SUPPLIED DATA section start
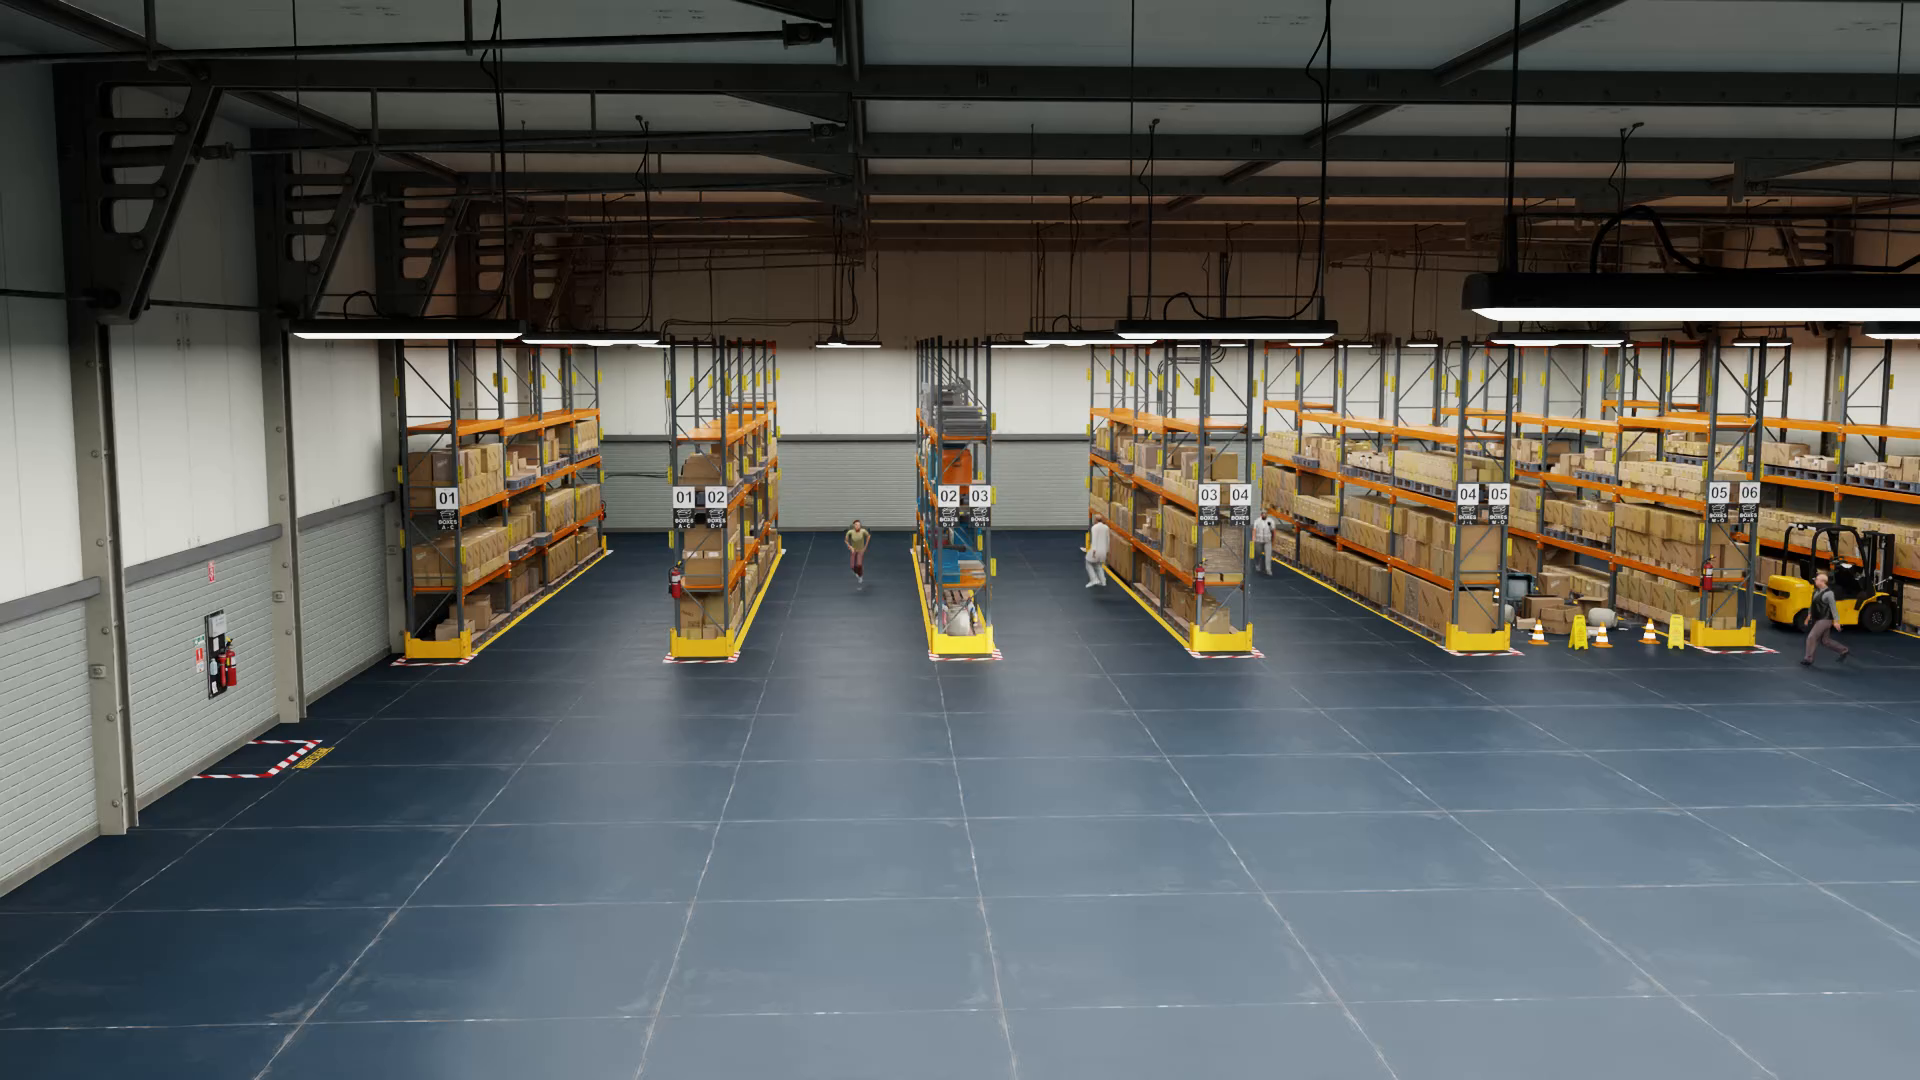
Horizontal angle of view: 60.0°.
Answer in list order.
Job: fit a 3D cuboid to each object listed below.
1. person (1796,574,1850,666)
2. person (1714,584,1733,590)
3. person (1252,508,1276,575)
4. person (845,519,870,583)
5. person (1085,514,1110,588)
SUPPLIED DATA section end
An exact copy of the entries above is required, with the pictures left out.

Horizontal angle of view: 60.0°.
Answer in list order.
Job: fit a 3D cuboid to each object listed below.
1. person (1796,574,1850,666)
2. person (1714,584,1733,590)
3. person (1252,508,1276,575)
4. person (845,519,870,583)
5. person (1085,514,1110,588)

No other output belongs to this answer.